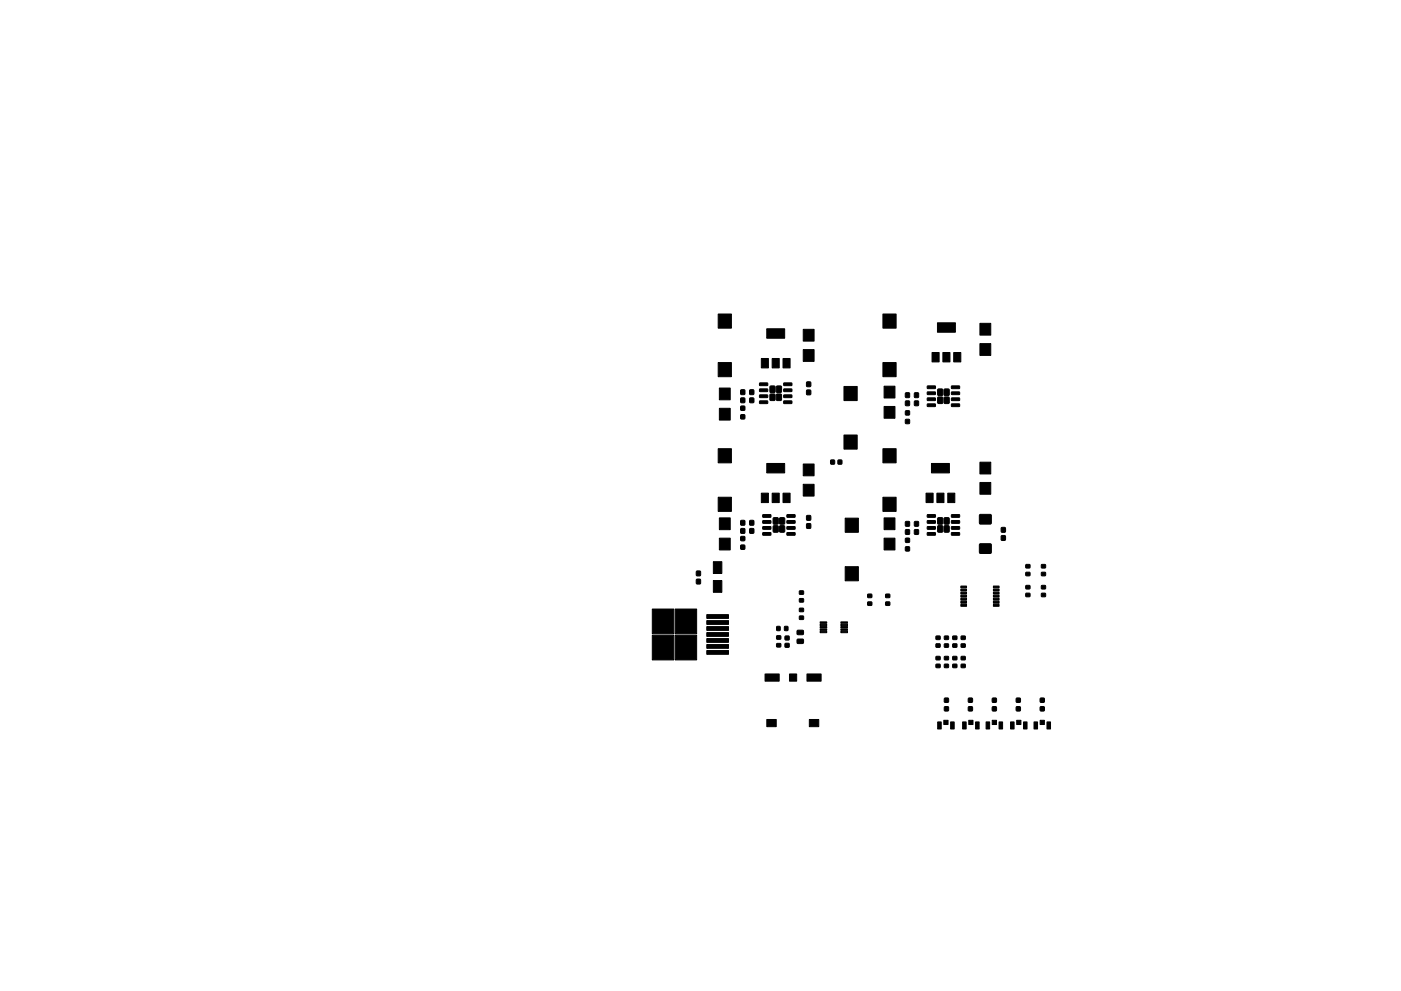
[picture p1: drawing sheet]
<svg xmlns="http://www.w3.org/2000/svg" width="297mm" height="210mm" viewBox="0 0 297 210" stroke-linecap="round" stroke-linejoin="round" font-family="sans-serif">
<g fill="#000" stroke="#000" stroke-width=".21">
<path d="M152.3 66.6h2.8v3h-2.8zM152.3 76.9h2.8v3h-2.8zM161.4 76.1h1.5v2h-1.5zM163.7 76.1h1.5v2h-1.5zM162.6 69.8h3.8v2h-3.8zM166 76.1h1.5v2h-1.5zM170.3 74.2h2.3v2.5h-2.3zM170.3 69.9h2.3v2.5h-2.3zM187.2 66.6h2.8v3h-2.8zM187.2 76.9h2.8v3h-2.8zM197.6 74.8h1.5v2h-1.5zM199.9 74.8h1.5v2h-1.5z"/>
<path d="M198.8 68.5h3.8v2h-3.8zM202.2 74.8h1.5v2h-1.5zM207.8 68.6h2.3v2.5h-2.3zM207.8 72.9h2.3v2.5h-2.3zM152.5 82.3h2.3v2.5h-2.3zM152.5 86.6h2.3v2.5h-2.3zM152.3 95.2h2.8v3h-2.8zM157.1 82.7h.8v1h-.8zM157.1 84.5h.8v.9h-.8zM157.1 88h.8v.9h-.8zM157.1 86.2h.8v.8h-.8zM159 84.5h.8v.9h-.8z"/>
<path d="M159 82.7h.8v1h-.8zM161.1 81.3l1.6-.1 .1 .5-1.7 .1zM161.1 82.5h1.6l.1 .5-1.7 .1zM161.1 83.8h1.6l.1 .5-1.7 .1zM161.1 85.1l1.6-.1 .1 .5-1.7 .1zM163.3 81.9h1v1.3h-1zM163.3 83.6h1v1.3h-1zM164.7 81.9h.9v1.3h-.9zM164.7 83.6h.9v1.3h-.9zM166.2 85.1l1.6-.1 .1 .5-1.7 .1zM166.2 83.8h1.6l.1 .5-1.7 .1zM166.2 82.5h1.6l.1 .5-1.7 .1z"/>
<path d="M166.2 81.3l1.6-.1 .1 .5-1.7 .1zM171 81.1h.9v.9h-.9zM171 82.8h.9v.9h-.9zM176.1 97.6h.8v.8h-.8zM177.7 97.6h.8v.8h-.8zM178.9 92.3h2.8v3h-2.8zM178.9 82h2.8v3h-2.8zM187.4 81.9h2.3v2.5h-2.3zM187.4 86.2h2.3v2.5h-2.3zM187.2 95.2h2.8v3h-2.8zM192 85.1h.8v.9h-.8zM192 83.4h.8v.9h-.8z"/>
<path d="M192 87.2h.8v.8h-.8zM192 89h.8v.8h-.8zM193.9 85.1h.8v.9h-.8zM193.9 83.4h.8v.9h-.8zM196.6 81.9h1.7v.5l-1.6 .1zM196.6 83.2l1.7-.1v.5l-1.6 .1zM196.6 84.4h1.7v.5l-1.6 .1zM196.6 85.7h1.7v.5l-1.6 .1zM198.9 82.6h.9v1.3h-.9zM198.9 84.3h.9v1.3h-.9zM200.2 82.6h1v1.3h-1zM200.2 84.3h1v1.3h-1z"/>
<path d="M201.7 85.7h1.7l.1 .5-1.7 .1zM201.7 84.4h1.7l.1 .5-1.7 .1zM201.7 83.2l1.7-.1 .1 .5-1.7 .1zM201.7 81.9h1.7l.1 .5-1.7 .1zM152.5 109.9h2.3v2.5h-2.3zM152.5 114.2h2.3v2.5h-2.3zM152.3 105.5h2.8v3h-2.8zM157.1 112.2h.8v.9h-.8zM157.1 110.5h.8v.9h-.8zM157.1 113.9h.8v.8h-.8zM157.1 115.7h.8v.8h-.8zM159 112.2h.8v.9h-.8z"/>
<path d="M159 110.5h.8v.9h-.8zM161.7 113h1.7l.1 .5-1.7 .1zM161.7 111.8l1.7-.1 .1 .5-1.7 .1zM161.7 110.5l1.7-.1 .1 .5-1.7 .1zM161.7 109.2h1.7l.1 .5-1.7 .1zM161.4 104.6h1.5v2h-1.5zM164 111.6h1v1.3h-1zM164 109.9h1v1.3h-1zM163.7 104.6h1.5v2h-1.5zM165.3 111.6h1v1.3h-1zM165.3 109.9h1v1.3h-1zM162.6 98.3h3.8v2h-3.8z"/>
<path d="M166.9 109.2h1.6l.1 .5-1.7 .1zM166.9 110.5l1.6-.1 .1 .5-1.7 .1zM166.9 111.8l1.6-.1 .1 .5-1.7 .1zM166.9 113h1.6l.1 .5-1.7 .1zM166 104.6h1.5v2h-1.5zM171 111.1h.9v1h-.9zM171 109.4h.9v.9h-.9zM170.3 98.4h2.3v2.5h-2.3zM170.3 102.7h2.3v2.5h-2.3zM179.2 109.9h2.8v3h-2.8zM187.4 114.2h2.3v2.5h-2.3zM187.4 109.9h2.3v2.5h-2.3z"/>
<path d="M187.2 105.5h2.8v3h-2.8zM192 110.7h.8v.9h-.8zM192 112.4h.8v.9h-.8zM192 114.2h.8v.8h-.8zM192 116h.8v.9h-.8zM193.9 112.4h.8v.9h-.8zM193.9 110.7h.8v.9h-.8zM196.6 113h1.7v.5l-1.6 .1zM196.6 111.8l1.7-.1v.5l-1.6 .1zM196.6 110.5l1.7-.1v.5l-1.6 .1zM196.6 109.2h1.7v.5l-1.6 .1zM196.3 104.6h1.5v2h-1.5z"/>
<path d="M198.9 111.6h.9v1.3h-.9zM198.9 109.9h.9v1.3h-.9zM198.6 104.6h1.5v2h-1.5zM200.2 111.6h1v1.3h-1zM200.2 109.9h1v1.3h-1zM197.5 98.3h3.8v2h-3.8zM201.7 109.2h1.7l.1 .5-1.7 .1zM201.7 110.5l1.7-.1 .1 .5-1.7 .1zM201.7 111.8l1.7-.1 .1 .5-1.7 .1zM201.7 113h1.7l.1 .5-1.7 .1zM200.9 104.6h1.5v2h-1.5zM207.7 109.2h2.4v1.9h-2.4z"/>
<path d="M207.7 115.4h2.4v2h-2.4zM207.8 98.1h2.3v2.5h-2.3zM207.8 102.4h2.3v2.5h-2.3zM212.3 111.9h.8v1h-.8zM212.3 113.7h.8v.9h-.8zM138.3 129.2h4.6v5.3h-4.6zM138.3 134.8h4.6v5.2h-4.6zM143.2 134.8h4.5v5.2h-4.5zM143.2 129.2h4.5v5.3h-4.5zM147.7 121.2h.8v.9h-.8zM147.7 122.9h.8v1h-.8zM151.2 123.2h1.8v2.5h-1.8z"/>
<path d="M151.2 119.2h1.8v2.5h-1.8zM149.9 138h4.6v.8h-4.6zM149.9 136.8h4.6v.8h-4.6zM149.9 135.5h4.6v.8h-4.6zM149.9 134.2h4.6v.8h-4.6zM149.9 132.9h4.6v.8h-4.6zM149.9 131.7h4.6v.8h-4.6zM149.9 130.4h4.6v.8h-4.6zM164.7 134.9h.8v.7h-.8zM164.7 136.6h.8v.6h-.8zM164.7 132.9h.7v.9h-.7zM166.5 136.5h.8v.8h-.8z"/>
<path d="M166.5 135h.8v.7h-.8zM166.3 132.9h.7v.9h-.7zM169.5 125.4h.8v.7h-.8zM169.5 127h.8v.7h-.8zM169 133.8l1.2-.1 .2 .2v.6l-.3 .2h-1l-.1-.3zM169 135.6h1.2l.2 .2v.6l-.3 .1h-1l-.1-.2zM169.5 129.1h.8v.6h-.8zM169.5 130.7h.8v.7h-.8zM173.9 131.9h1.4v.3h-1.4zM173.9 132.4h1.4v.3h-1.4zM173.9 132.9h1.4v.3h-1.4zM173.9 133.4h1.4v.3h-1.4z"/>
<path d="M173.9 133.9h1.4v.3h-1.4zM178.3 133.9h1.4v.3h-1.4zM178.3 133.4h1.4v.3h-1.4zM178.3 132.9h1.4v.3h-1.4zM178.3 132.4h1.4v.3h-1.4zM178.3 131.9h1.4v.3h-1.4zM179.2 120.2h2.8v3h-2.8zM184 126.1h.8v.7h-.8zM184 127.7h.8v.7h-.8zM187.8 127.7h.8v.7h-.8zM187.8 126.1h.8v.7h-.8zM198.5 136.6h.8v.7h-.8z"/>
<path d="M198.5 135h.8v.7h-.8zM200.2 136.6h.9v.7h-.9zM200.2 135h.9v.7h-.9zM202 136.6h.9v.7h-.9zM202 135h.9v.7h-.9zM203.7 124.3h1.2v.4h-1.2zM203.7 125h1.2v.4h-1.2zM203.7 125.6h1.2v.4h-1.2zM203.7 126.3h1.2v.4h-1.2zM203.7 126.9h1.2v.4h-1.2zM203.7 127.6h1.2v.4h-1.2zM203.7 128.2h1.2v.4h-1.2z"/>
<path d="M203.8 135h.8v.7h-.8zM203.8 136.6h.8v.7h-.8zM210.6 128.2h1.2v.4h-1.2zM210.6 127.6h1.2v.4h-1.2zM210.6 126.9h1.2v.4h-1.2zM210.6 126.3h1.2v.4h-1.2zM210.6 125.6h1.2v.4h-1.2zM210.6 125h1.2v.4h-1.2zM210.6 124.3h1.2v.4h-1.2zM217.5 121.4h.8v.7h-.8zM217.5 119.8h.8v.7h-.8zM217.5 124.2h.8v.7h-.8z"/>
<path d="M217.5 125.9h.8v.7h-.8zM220.8 119.8h.9v.7h-.9zM220.8 121.4h.9v.7h-.9zM220.8 124.2h.9v.7h-.9zM220.8 125.9h.9v.7h-.9zM162.6 152.6h2v1.6h-2zM162.2 143h3v1.5h-3zM167.4 143h1.5v1.5h-1.5zM171.6 152.6h2v1.6h-2zM171.1 143h3v1.5h-3zM198.5 139.3h.8v.7h-.8zM198.5 140.9h.8v.7h-.8z"/>
<path d="M198.8 153.2h.8v1.5h-.8zM200.2 139.3h.9v.7h-.9zM200.2 140.9h.9v.7h-.9zM200.3 150h.8v.8h-.8zM200.3 148.1h.8v.9h-.8zM200.1 152.8h.9v.9h-.9zM202 139.3h.9v.7h-.9zM202 140.9h.9v.7h-.9zM201.6 153.2h.7v1.5h-.7zM203.8 139.3h.8v.7h-.8zM203.8 140.9h.8v.7h-.8zM204.1 153.2h.7v1.5h-.7z"/>
<path d="M205.3 150h.8v.8h-.8zM205.3 148.1h.8v.9h-.8zM205.4 152.8h.9v.9h-.9zM206.8 153.2h.8v1.5h-.8zM209.1 153.2h.7v1.5h-.7zM210.4 148.1h.8v.9h-.8zM210.4 150h.8v.8h-.8zM210.4 152.8h.9v.9h-.9zM211.8 153.2h.8v1.5h-.8zM214.3 153.2h.7v1.5h-.7zM215.5 148.1h.8v.9h-.8zM215.5 150h.8v.8h-.8z"/>
<path d="M215.6 152.8h.9v.9h-.9zM217 153.2h.8v1.5h-.8zM219.2 153.2h.8v1.5h-.8zM220.6 150h.8v.8h-.8zM220.6 148.1h.8v.9h-.8zM220.5 152.8h.9v.9h-.9zM222 153.2h.7v1.5h-.7z"/>
</g>
</svg>

==============================

Only the lines from the top of the material above down to the line bearing "82.7h.8v1h-.8zM161.1 81.3l1.6-.1 .1", that line included, should be set down exactly; no pictures.

[picture p1: drawing sheet]
<svg xmlns="http://www.w3.org/2000/svg" width="297mm" height="210mm" viewBox="0 0 297 210" stroke-linecap="round" stroke-linejoin="round" font-family="sans-serif">
<g fill="#000" stroke="#000" stroke-width=".21">
<path d="M152.3 66.6h2.8v3h-2.8zM152.3 76.9h2.8v3h-2.8zM161.4 76.1h1.5v2h-1.5zM163.7 76.1h1.5v2h-1.5zM162.6 69.8h3.8v2h-3.8zM166 76.1h1.5v2h-1.5zM170.3 74.2h2.3v2.5h-2.3zM170.3 69.9h2.3v2.5h-2.3zM187.2 66.6h2.8v3h-2.8zM187.2 76.9h2.8v3h-2.8zM197.6 74.8h1.5v2h-1.5zM199.9 74.8h1.5v2h-1.5z"/>
<path d="M198.8 68.5h3.8v2h-3.8zM202.2 74.8h1.5v2h-1.5zM207.8 68.6h2.3v2.5h-2.3zM207.8 72.9h2.3v2.5h-2.3zM152.5 82.3h2.3v2.5h-2.3zM152.5 86.6h2.3v2.5h-2.3zM152.3 95.2h2.8v3h-2.8zM157.1 82.7h.8v1h-.8zM157.1 84.5h.8v.9h-.8zM157.1 88h.8v.9h-.8zM157.1 86.2h.8v.8h-.8zM159 84.5h.8v.9h-.8z"/>
<path d="M159 82.7h.8v1h-.8zM161.1 81.3l1.6-.1 .1 .5-1.7 .1zM161.1 82.5h1.6l.1 .5-1.7 .1zM161.1 83.8h1.6l.1 .5-1.7 .1zM161.1 85.1l1.6-.1 .1 .5-1.7 .1zM163.3 81.9h1v1.3h-1zM163.3 83.6h1v1.3h-1zM164.7 81.9h.9v1.3h-.9zM164.7 83.6h.9v1.3h-.9zM166.2 85.1l1.6-.1 .1 .5-1.7 .1zM166.2 83.8h1.6l.1 .5-1.7 .1zM166.2 82.5h1.6l.1 .5-1.7 .1z"/>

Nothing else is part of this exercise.